### [Your instructions]
Every entry in the listing below has to be transcribed exactly.

### [Data records]

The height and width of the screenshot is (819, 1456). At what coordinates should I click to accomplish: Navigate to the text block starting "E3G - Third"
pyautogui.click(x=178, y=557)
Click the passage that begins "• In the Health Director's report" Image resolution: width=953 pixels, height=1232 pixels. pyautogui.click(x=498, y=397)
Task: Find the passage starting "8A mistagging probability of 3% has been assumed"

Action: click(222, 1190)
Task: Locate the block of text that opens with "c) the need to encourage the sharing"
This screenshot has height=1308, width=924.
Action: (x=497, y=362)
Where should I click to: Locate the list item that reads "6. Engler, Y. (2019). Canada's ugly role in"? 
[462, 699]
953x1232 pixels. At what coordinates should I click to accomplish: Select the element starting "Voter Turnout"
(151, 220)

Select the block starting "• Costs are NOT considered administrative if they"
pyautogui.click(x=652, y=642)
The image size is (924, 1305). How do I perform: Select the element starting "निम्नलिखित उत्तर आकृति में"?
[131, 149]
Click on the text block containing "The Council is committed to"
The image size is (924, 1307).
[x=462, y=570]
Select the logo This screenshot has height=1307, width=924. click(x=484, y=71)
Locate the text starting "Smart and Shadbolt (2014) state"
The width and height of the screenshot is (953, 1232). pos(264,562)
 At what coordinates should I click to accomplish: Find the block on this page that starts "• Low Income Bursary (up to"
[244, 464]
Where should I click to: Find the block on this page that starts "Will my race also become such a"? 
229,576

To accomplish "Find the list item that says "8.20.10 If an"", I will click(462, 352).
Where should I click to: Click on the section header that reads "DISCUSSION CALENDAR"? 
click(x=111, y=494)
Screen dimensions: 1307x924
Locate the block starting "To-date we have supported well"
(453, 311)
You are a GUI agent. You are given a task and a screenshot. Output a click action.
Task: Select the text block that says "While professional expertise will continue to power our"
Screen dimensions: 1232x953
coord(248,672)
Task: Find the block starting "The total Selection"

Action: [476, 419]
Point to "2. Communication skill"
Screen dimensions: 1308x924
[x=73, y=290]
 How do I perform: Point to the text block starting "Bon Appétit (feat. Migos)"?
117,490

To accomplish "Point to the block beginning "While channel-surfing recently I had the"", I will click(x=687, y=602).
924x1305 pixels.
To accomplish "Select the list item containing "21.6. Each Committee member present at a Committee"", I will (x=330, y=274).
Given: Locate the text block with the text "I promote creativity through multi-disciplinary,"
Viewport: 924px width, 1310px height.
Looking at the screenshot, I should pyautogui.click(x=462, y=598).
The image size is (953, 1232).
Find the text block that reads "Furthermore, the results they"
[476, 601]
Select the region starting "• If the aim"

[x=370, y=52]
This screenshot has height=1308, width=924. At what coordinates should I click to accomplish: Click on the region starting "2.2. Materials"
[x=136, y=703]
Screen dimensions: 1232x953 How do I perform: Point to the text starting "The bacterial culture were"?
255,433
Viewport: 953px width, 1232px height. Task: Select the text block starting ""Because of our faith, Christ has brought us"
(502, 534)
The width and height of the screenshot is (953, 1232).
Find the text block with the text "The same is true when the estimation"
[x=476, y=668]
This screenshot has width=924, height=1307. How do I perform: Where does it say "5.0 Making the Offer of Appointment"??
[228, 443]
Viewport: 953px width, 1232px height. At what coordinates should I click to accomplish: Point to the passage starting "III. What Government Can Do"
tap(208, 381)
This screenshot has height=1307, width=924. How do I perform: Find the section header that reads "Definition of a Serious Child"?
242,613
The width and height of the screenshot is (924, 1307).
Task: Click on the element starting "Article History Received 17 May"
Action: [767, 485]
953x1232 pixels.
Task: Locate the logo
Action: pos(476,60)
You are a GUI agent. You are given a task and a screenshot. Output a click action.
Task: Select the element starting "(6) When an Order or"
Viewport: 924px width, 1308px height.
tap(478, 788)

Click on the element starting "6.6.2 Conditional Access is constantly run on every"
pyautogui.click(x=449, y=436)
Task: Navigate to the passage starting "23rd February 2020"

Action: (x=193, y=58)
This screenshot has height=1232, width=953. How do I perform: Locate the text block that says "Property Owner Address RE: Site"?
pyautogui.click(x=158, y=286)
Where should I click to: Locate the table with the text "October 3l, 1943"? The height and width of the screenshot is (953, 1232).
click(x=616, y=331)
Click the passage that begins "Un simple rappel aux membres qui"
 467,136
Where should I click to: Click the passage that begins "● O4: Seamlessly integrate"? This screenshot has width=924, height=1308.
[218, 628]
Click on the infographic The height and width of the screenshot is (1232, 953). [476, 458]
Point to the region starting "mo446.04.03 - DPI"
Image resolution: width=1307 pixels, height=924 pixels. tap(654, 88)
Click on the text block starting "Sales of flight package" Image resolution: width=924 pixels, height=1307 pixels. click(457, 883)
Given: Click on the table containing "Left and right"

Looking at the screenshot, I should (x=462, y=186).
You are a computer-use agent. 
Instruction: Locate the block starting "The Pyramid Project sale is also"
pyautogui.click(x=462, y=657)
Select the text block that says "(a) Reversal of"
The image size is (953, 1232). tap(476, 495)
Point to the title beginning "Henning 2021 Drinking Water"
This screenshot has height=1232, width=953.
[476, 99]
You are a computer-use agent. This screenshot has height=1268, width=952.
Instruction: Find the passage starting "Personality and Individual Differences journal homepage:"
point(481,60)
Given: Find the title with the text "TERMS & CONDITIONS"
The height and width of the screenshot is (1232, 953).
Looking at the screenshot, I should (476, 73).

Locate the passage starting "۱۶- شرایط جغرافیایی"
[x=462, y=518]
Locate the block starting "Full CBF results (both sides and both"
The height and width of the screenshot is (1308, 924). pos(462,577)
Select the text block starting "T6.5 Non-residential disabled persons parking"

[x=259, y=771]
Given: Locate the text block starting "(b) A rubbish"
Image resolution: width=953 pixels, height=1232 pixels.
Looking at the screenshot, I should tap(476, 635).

### [Result for this task]
The height and width of the screenshot is (819, 1456). At what coordinates should I click to accomplish: Navigate to the text block starting "E3G - Third"
pyautogui.click(x=178, y=557)
Click the passage that begins "• In the Health Director's report" Image resolution: width=953 pixels, height=1232 pixels. pyautogui.click(x=498, y=397)
Task: Find the passage starting "8A mistagging probability of 3% has been assumed"

Action: click(222, 1190)
Task: Locate the block of text that opens with "c) the need to encourage the sharing"
This screenshot has height=1308, width=924.
Action: (x=497, y=362)
Where should I click to: Locate the list item that reads "6. Engler, Y. (2019). Canada's ugly role in"? 
[462, 699]
953x1232 pixels. At what coordinates should I click to accomplish: Select the element starting "Voter Turnout"
(151, 220)

Select the block starting "• Costs are NOT considered administrative if they"
pyautogui.click(x=652, y=642)
The image size is (924, 1305). How do I perform: Select the element starting "निम्नलिखित उत्तर आकृति में"?
[131, 149]
Click on the text block containing "The Council is committed to"
The image size is (924, 1307).
[x=462, y=570]
Select the logo This screenshot has height=1307, width=924. click(x=484, y=71)
Locate the text starting "Smart and Shadbolt (2014) state"
The width and height of the screenshot is (953, 1232). pos(264,562)
 At what coordinates should I click to accomplish: Find the block on this page that starts "• Low Income Bursary (up to"
[244, 464]
Where should I click to: Find the block on this page that starts "Will my race also become such a"? 
229,576

To accomplish "Find the list item that says "8.20.10 If an"", I will click(462, 352).
Where should I click to: Click on the section header that reads "DISCUSSION CALENDAR"? 
click(x=111, y=494)
Screen dimensions: 1307x924
Locate the block starting "To-date we have supported well"
(453, 311)
You are a GUI agent. You are given a task and a screenshot. Output a click action.
Task: Select the text block that says "While professional expertise will continue to power our"
Screen dimensions: 1232x953
coord(248,672)
Task: Find the block starting "The total Selection"

Action: [476, 419]
Point to "2. Communication skill"
Screen dimensions: 1308x924
[x=73, y=290]
 How do I perform: Point to the text block starting "Bon Appétit (feat. Migos)"?
117,490

To accomplish "Point to the block beginning "While channel-surfing recently I had the"", I will click(x=687, y=602).
924x1305 pixels.
To accomplish "Select the list item containing "21.6. Each Committee member present at a Committee"", I will (x=330, y=274).
Given: Locate the text block with the text "I promote creativity through multi-disciplinary,"
Viewport: 924px width, 1310px height.
Looking at the screenshot, I should pyautogui.click(x=462, y=598).
The image size is (953, 1232).
Find the text block that reads "Furthermore, the results they"
[476, 601]
Select the region starting "• If the aim"

[x=370, y=52]
This screenshot has height=1308, width=924. At what coordinates should I click to accomplish: Click on the region starting "2.2. Materials"
[x=136, y=703]
Screen dimensions: 1232x953 How do I perform: Point to the text starting "The bacterial culture were"?
255,433
Viewport: 953px width, 1232px height. Task: Select the text block starting ""Because of our faith, Christ has brought us"
(502, 534)
The width and height of the screenshot is (953, 1232).
Find the text block with the text "The same is true when the estimation"
[x=476, y=668]
This screenshot has width=924, height=1307. How do I perform: Where does it say "5.0 Making the Offer of Appointment"??
[228, 443]
Viewport: 953px width, 1232px height. At what coordinates should I click to accomplish: Point to the passage starting "III. What Government Can Do"
tap(208, 381)
This screenshot has height=1307, width=924. How do I perform: Find the section header that reads "Definition of a Serious Child"?
242,613
The width and height of the screenshot is (924, 1307).
Task: Click on the element starting "Article History Received 17 May"
Action: [767, 485]
953x1232 pixels.
Task: Locate the logo
Action: pos(476,60)
You are a GUI agent. You are given a task and a screenshot. Output a click action.
Task: Select the element starting "(6) When an Order or"
Viewport: 924px width, 1308px height.
tap(478, 788)

Click on the element starting "6.6.2 Conditional Access is constantly run on every"
pyautogui.click(x=449, y=436)
Task: Navigate to the passage starting "23rd February 2020"

Action: (x=193, y=58)
This screenshot has height=1232, width=953. How do I perform: Locate the text block that says "Property Owner Address RE: Site"?
pyautogui.click(x=158, y=286)
Where should I click to: Locate the table with the text "October 3l, 1943"? The height and width of the screenshot is (953, 1232).
click(x=616, y=331)
Click the passage that begins "Un simple rappel aux membres qui"
 467,136
Where should I click to: Click the passage that begins "● O4: Seamlessly integrate"? This screenshot has width=924, height=1308.
[218, 628]
Click on the infographic The height and width of the screenshot is (1232, 953). [476, 458]
Point to the region starting "mo446.04.03 - DPI"
Image resolution: width=1307 pixels, height=924 pixels. tap(654, 88)
Click on the text block starting "Sales of flight package" Image resolution: width=924 pixels, height=1307 pixels. click(457, 883)
Given: Click on the table containing "Left and right"

Looking at the screenshot, I should (x=462, y=186).
You are a computer-use agent. 
Instruction: Locate the block starting "The Pyramid Project sale is also"
pyautogui.click(x=462, y=657)
Select the text block that says "(a) Reversal of"
The image size is (953, 1232). tap(476, 495)
Point to the title beginning "Henning 2021 Drinking Water"
This screenshot has height=1232, width=953.
[476, 99]
You are a computer-use agent. This screenshot has height=1268, width=952.
Instruction: Find the passage starting "Personality and Individual Differences journal homepage:"
point(481,60)
Given: Find the title with the text "TERMS & CONDITIONS"
The height and width of the screenshot is (1232, 953).
Looking at the screenshot, I should (476, 73).

Locate the passage starting "۱۶- شرایط جغرافیایی"
[x=462, y=518]
Locate the block starting "Full CBF results (both sides and both"
The height and width of the screenshot is (1308, 924). pos(462,577)
Select the text block starting "T6.5 Non-residential disabled persons parking"

[x=259, y=771]
Given: Locate the text block starting "(b) A rubbish"
Image resolution: width=953 pixels, height=1232 pixels.
Looking at the screenshot, I should tap(476, 635).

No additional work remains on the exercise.